There are a number of important issues that need to be addressed when testing applications in the cloud, including protecting sensitive data and automating the process of deploying an application on Amazon Web Services (AWS).
Ron Bowers, computer scientist at Army Research Labs (ARL), and Dennis Reedy, Founder of Elastic Grid LLC, discussed these issues during a session at the JavaOne conference in San Francisco recently.
"The issue is that we don't have that many computers, but need to support a community of hundreds of users. We have to test this system and test the availability and policies of the system," Reedy said.
As they make changes to the application code, they need to know if the application will scale to meet peak demands. They don't have enough surplus hardware to do the testing on their existing compute infrastructure, so they wanted to use AWS in order to do performance testing.
Cloud security concerns
The main challenge with Amazon is that not only is the data sensitive but many of the application models are sensitive as well. The Army does not want to make its models about the effects of various weapons on American equipment available to a potential enemy.
It needed a way to dynamically provision the application both in the cloud during testing, and then locally during implementation of the finished application. "We don't want to build an Amazon Machine Image (AMI) or go through the time to provision an entire distributed computing stack every night," Reedy said.
Elastic Grid is an open source technology that uses a domain specific language to express the services and requirements. It allows the developers to push out an instance of the entire distributed infrastructure to either Amazon EC2 or a LAN automatically.
When a developer finalizes the release of a new version, Elastic Grid organizes the creation of clusters.
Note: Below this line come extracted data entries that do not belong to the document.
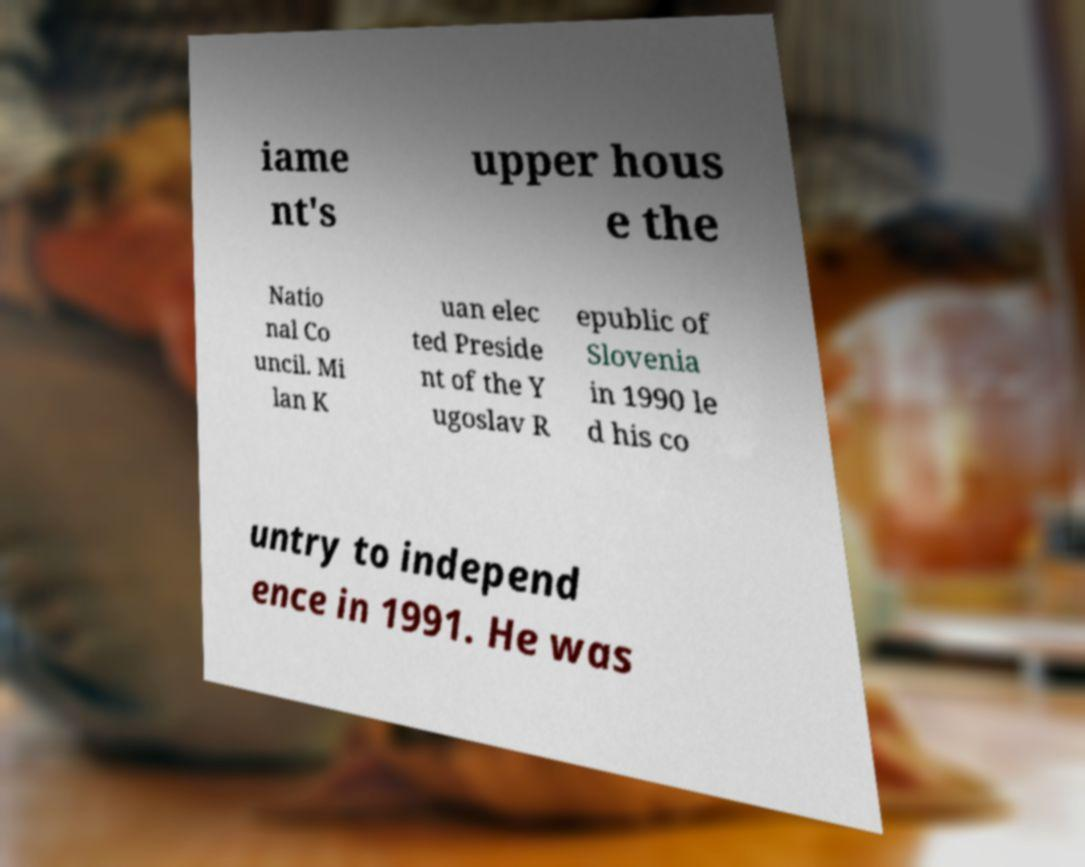Please read and relay the text visible in this image. What does it say? iame nt's upper hous e the Natio nal Co uncil. Mi lan K uan elec ted Preside nt of the Y ugoslav R epublic of Slovenia in 1990 le d his co untry to independ ence in 1991. He was 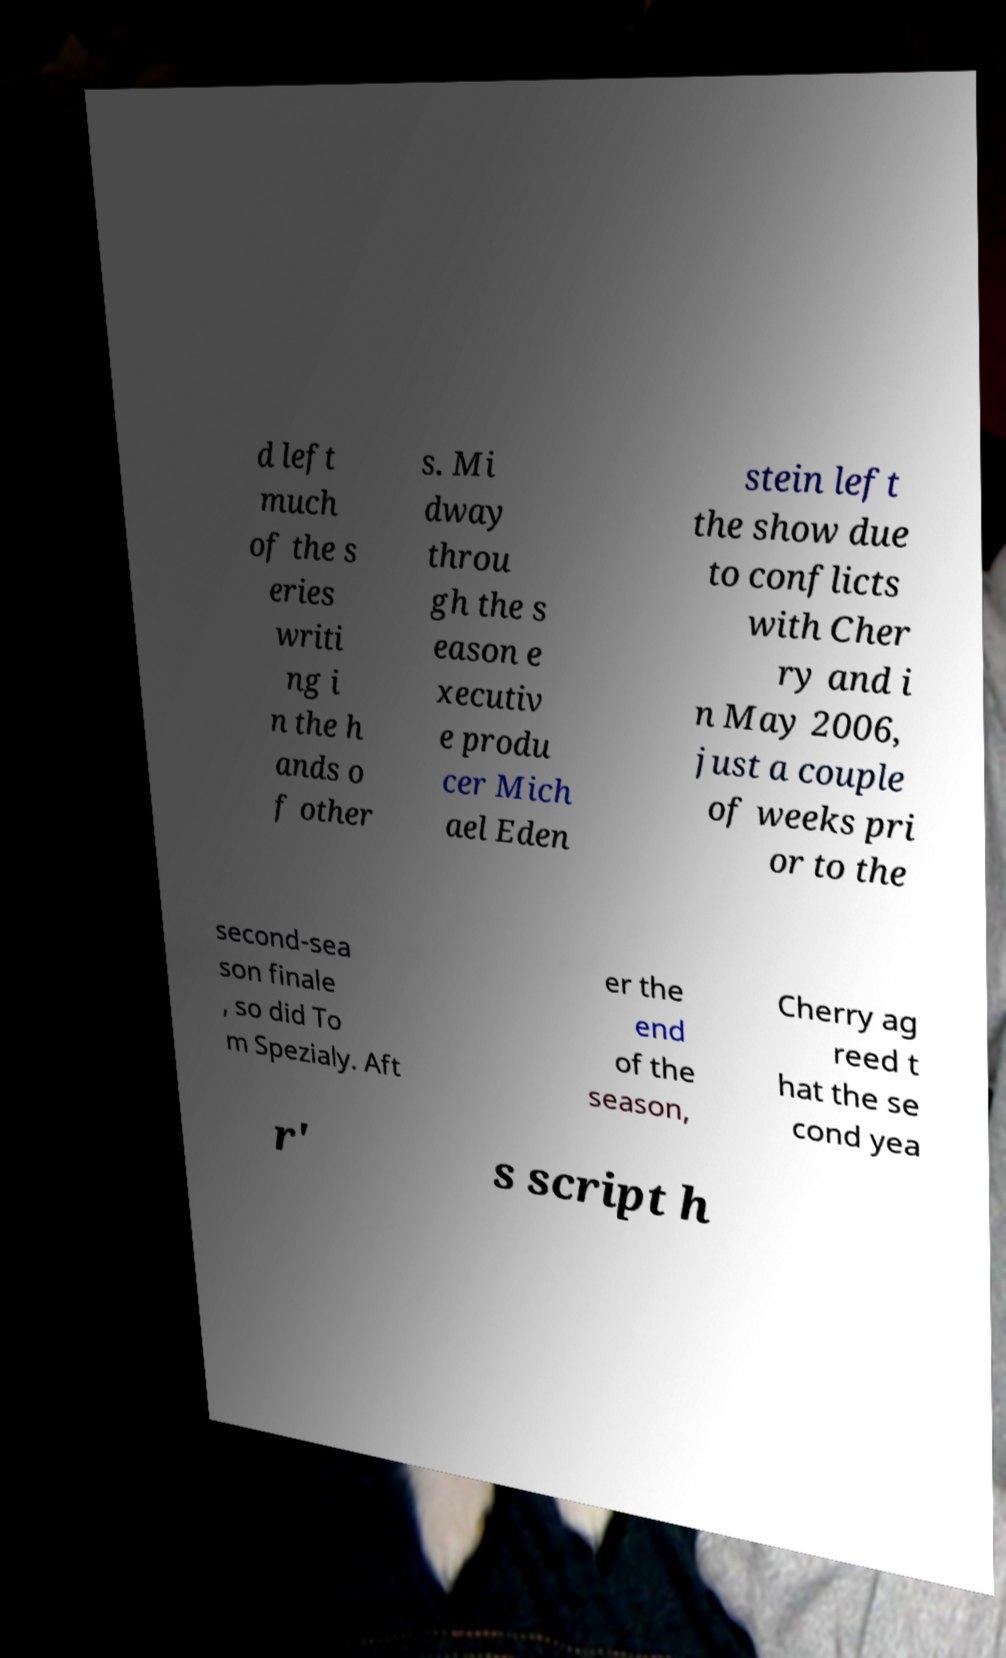Please read and relay the text visible in this image. What does it say? d left much of the s eries writi ng i n the h ands o f other s. Mi dway throu gh the s eason e xecutiv e produ cer Mich ael Eden stein left the show due to conflicts with Cher ry and i n May 2006, just a couple of weeks pri or to the second-sea son finale , so did To m Spezialy. Aft er the end of the season, Cherry ag reed t hat the se cond yea r' s script h 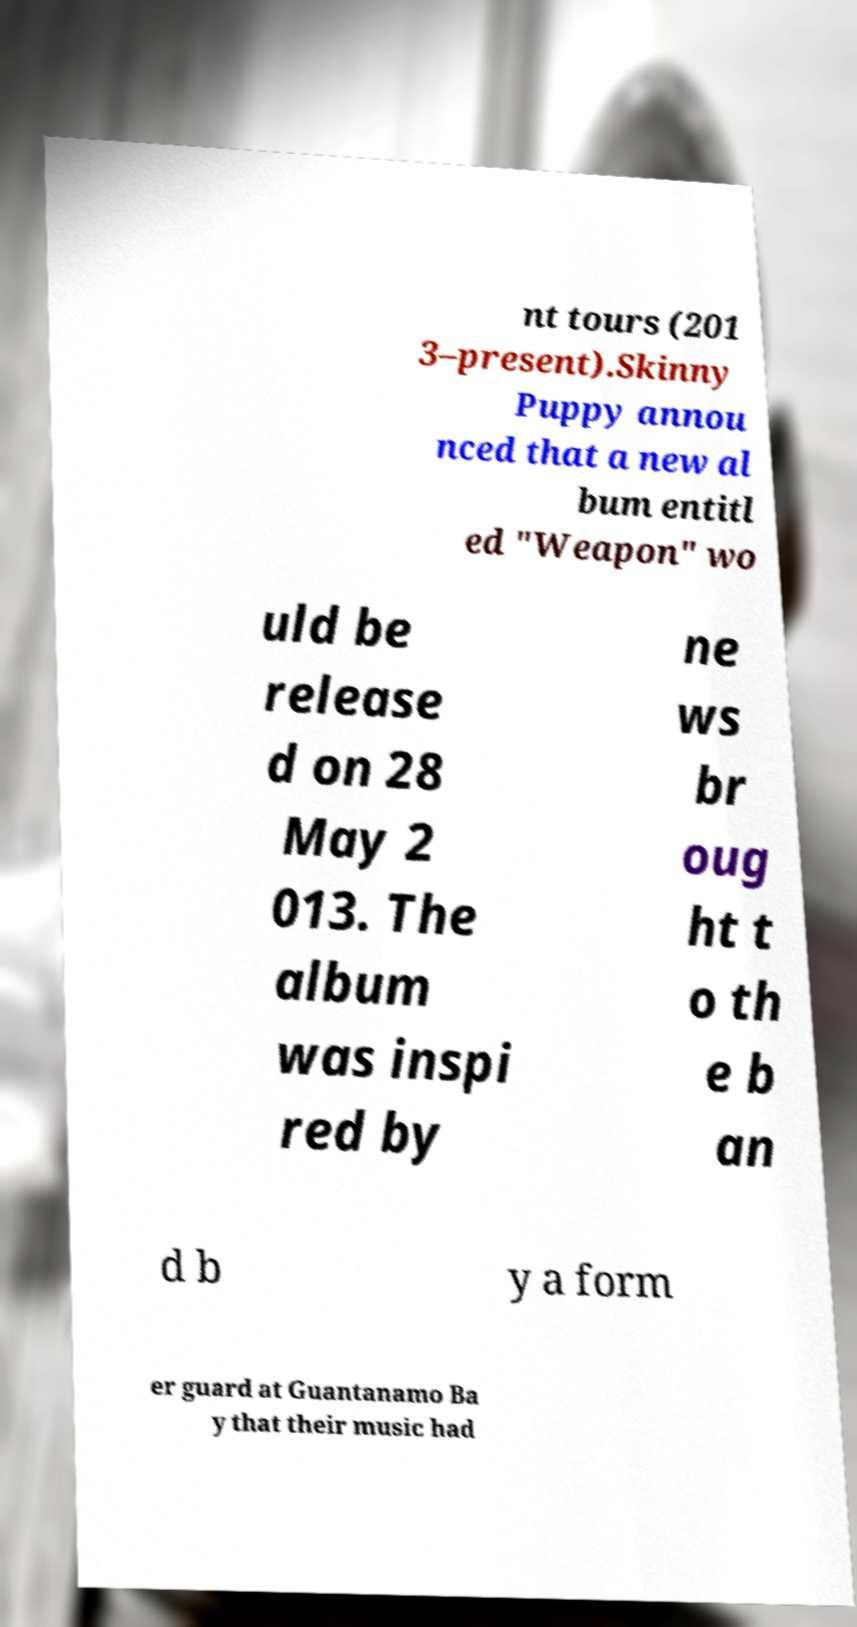I need the written content from this picture converted into text. Can you do that? nt tours (201 3–present).Skinny Puppy annou nced that a new al bum entitl ed "Weapon" wo uld be release d on 28 May 2 013. The album was inspi red by ne ws br oug ht t o th e b an d b y a form er guard at Guantanamo Ba y that their music had

The key to the success of this process is being able to release the new code, and then run it with no operator input work.
Going forward they are hoping to do continuous integration. They plan to connect Hudson into the Amazon S3 repository, so that code changes are automatically tested. On an occasional basis, they want to do a scalability test with 50-100 machines to see how the system behaves under heavy load.
Reedy said one of the harder problems to solve is how to take the test result information from a cluster of fifty machines and look for subtle problems and bottlenecks in a way that a human can understand. He said, "We have a lot of metrics built in about how fast it is working and the wait time so we can be notified if something goes bad. But how can we be notified in a post mortem about a pattern developing?"
One developer asked how they get around security concerns because his administrators would balk at the idea of deploying government applications on a cloud. Bowers said this was a big issue, and they had demonstrated that it could be addressed by proper separation of the sensitive data, code, and algorithms.
Another developer in the audience, who worked for a large unnamed telco, pointed out that telecommunications companies have been addressing these concerns for years by tagging data and code sets. She said that these same concepts could also be applied to cloud projects by other developers wanting to test new apps in the cloud.